We have done a lot of research on rewards credit cards in both Singapore and the US, and one thing has been puzzling us: why are rewards rates so high in Singapore? The best cards in the US tend to award about 2% over the long run, and some of our best credit cards have 2-year dollar value of $1,000-$1,300. This compares drastically to some of the best cards we have found in Singapore like Citi PremierMiles Visa Card or UOB One Card that offer up to 5% and 2-year dollar value of well over S$2,000 ($1,500). What explains the difference in credit card rewards?

As it turns out, the difference can be explained by the merchant fee. Payment companies and banks just charge Singaporean merchants a higher fee to process payments than what they charge to the U.S. merchants to make up for their higher rewards rate.

What is A Merchant Fee?

To put it simply, it is a fee that merchants have to pay in order to accept card transactions. Typically, processing a card payment involves many different steps and companies, including banks that issued the card (issuer), merchants’ bank (acquirer), and card association (i.e. Visa, MasterCard, American Express). These companies make sure that payments are made in a safe, legitimate way without fraudulent activities. In return, they charge a certain portion of the transaction as their income. Although card associations claim the biggest portion of the merchant fee, this is a very important source of income for banks.
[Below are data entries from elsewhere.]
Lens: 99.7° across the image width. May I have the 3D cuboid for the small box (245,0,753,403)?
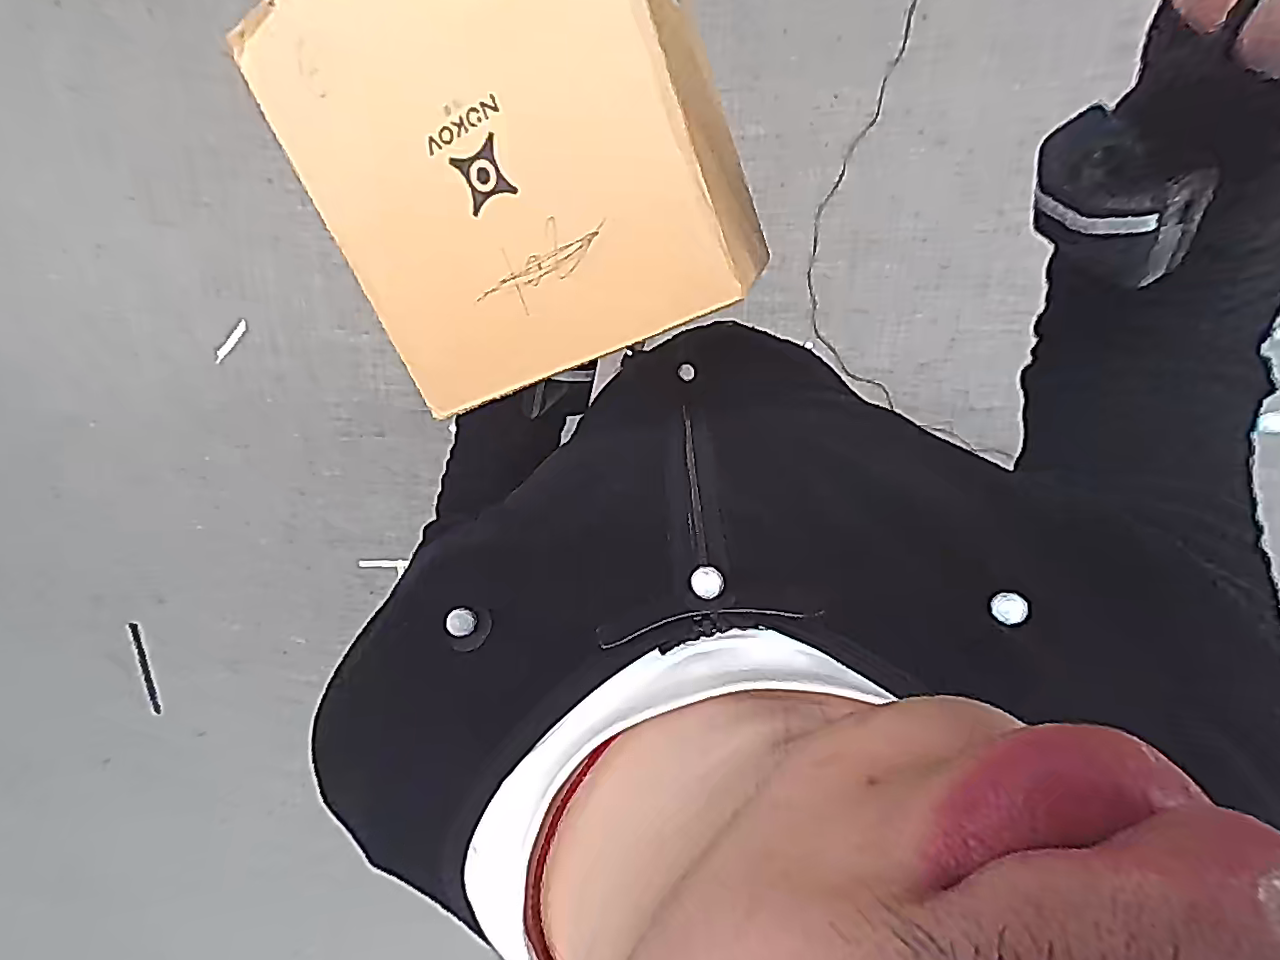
[{"bbox_3d":[-0.045,-0.167,0.295,0.168,0.176,0.179,-15,112,23],"label":"small box"}]
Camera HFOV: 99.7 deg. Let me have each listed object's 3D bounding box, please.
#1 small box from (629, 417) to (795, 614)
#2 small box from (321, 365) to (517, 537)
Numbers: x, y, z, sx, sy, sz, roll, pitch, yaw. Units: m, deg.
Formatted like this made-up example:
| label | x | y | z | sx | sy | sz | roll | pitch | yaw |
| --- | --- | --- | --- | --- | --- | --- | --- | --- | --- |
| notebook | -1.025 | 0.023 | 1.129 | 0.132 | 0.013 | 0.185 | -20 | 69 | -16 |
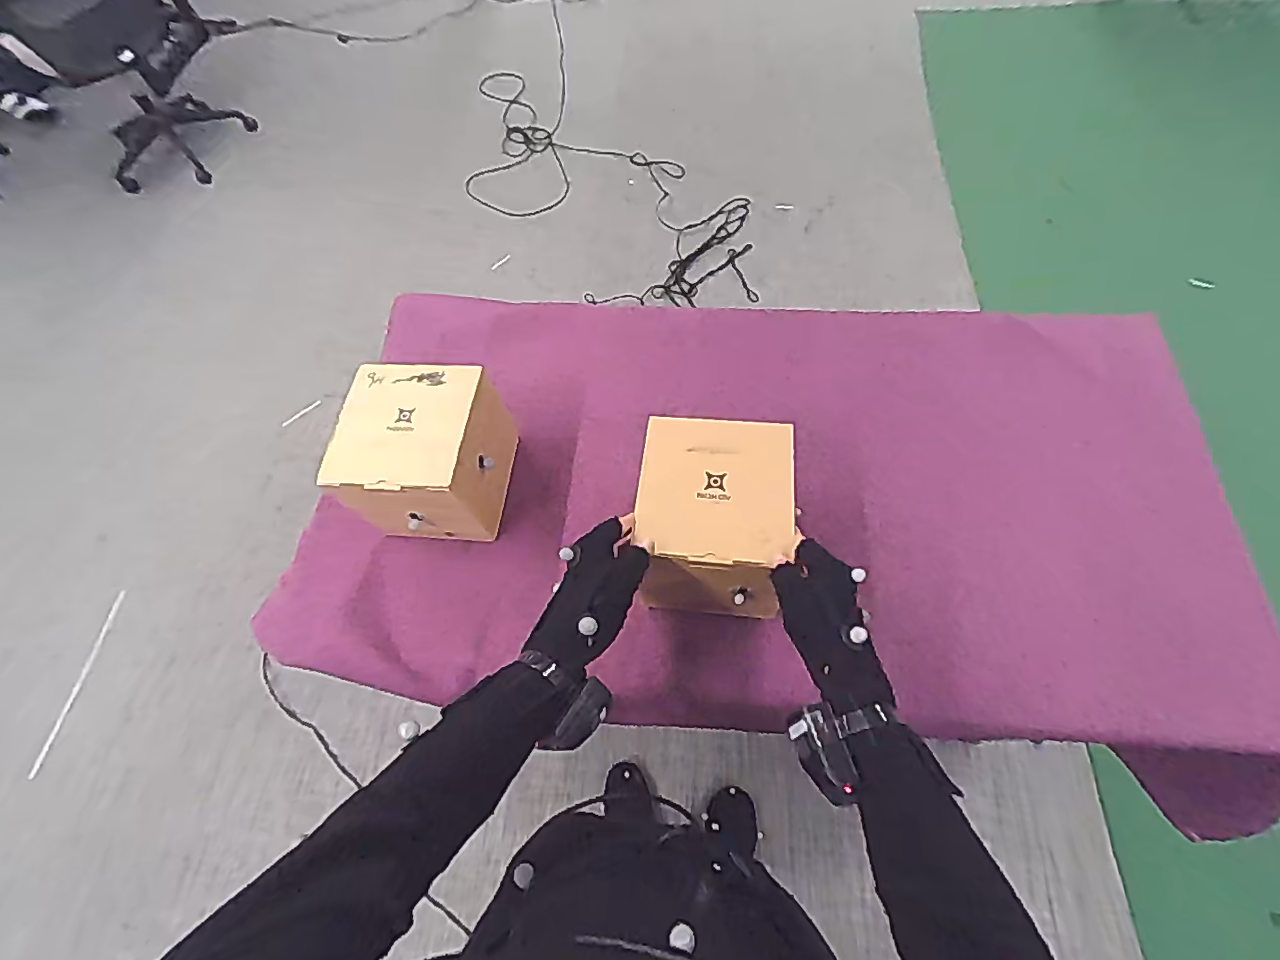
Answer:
| label | x | y | z | sx | sy | sz | roll | pitch | yaw |
| --- | --- | --- | --- | --- | --- | --- | --- | --- | --- |
| small box | 0.088 | 0.047 | 0.644 | 0.168 | 0.176 | 0.179 | 5 | 60 | 8 |
| small box | -0.275 | -0.032 | 0.723 | 0.168 | 0.176 | 0.179 | 3 | 64 | 6 |

How Credit Card Rewards Compare: Singapore vs U.S.A.

(Picture from Bank of Hawaii)

Because the payment markets are dominated mostly by two giant associations (Visa and MasterCard), a merchant fee (also called an interchange fee), is often heavily regulated for antitrust purposes. While, this fee is typically around 2% of transaction value in the US, it is capped at 0.3% in Europe and 0.5% in Australia and New Zealand. Since banks primarily use the fee revenue to offset the cost of providing rewards, it is no wonder that even the best American rewards cards only offer about 2% of award.

Interchange Fee in Singapore Is Much Higher

Although most of the bank & payment firms do not disclose what they charge, we found a way to get some insight. Here are some screenshots from Paypal & Stripe, two leading online payment companies in the world. It is obvious to see that card payments are much more expensive in Singapore than in the US. Stripe charges 3.4% + S$0.50 (equivalent to $0.4) in Singapore, roughly 20% higher than 2.9% + $0.30 per transaction it charges in the US. Paypal charges up to 3.9% + S$0.50 in Singapore, 30% higher than its rate of 2.9% + $0.30 per transaction in the US. While online transactions typically do charge a higher fee than offline transactions, our comparison of fees between Singapore and the US are still valid because online transaction services merely sit on top of the existing system described above, and reflect the underlying fee dynamics quite transparently.

How Credit Card Rewards Compare: Singapore vs U.S.A.

There are a few key takeaways from our findings. First, rewards credit cards in Singapore are more generous than their U.S. counterparts because banks make much more money on credit card transactions. Secondly, high prices in Singapore can at least be partially attributed to high merchant fees. Because credit cards are widely used in Singapore, prices that people see in stores already embed the payment processing fee. Lastly, our discovery highlights the critical importance of making effort to find the best rewards credit cards in Singapore. If everyone is getting charged to use credit cards, and if the fees are used to provide credit card rewards, you might as well take advantage of those rewards to offset the fee’s impact.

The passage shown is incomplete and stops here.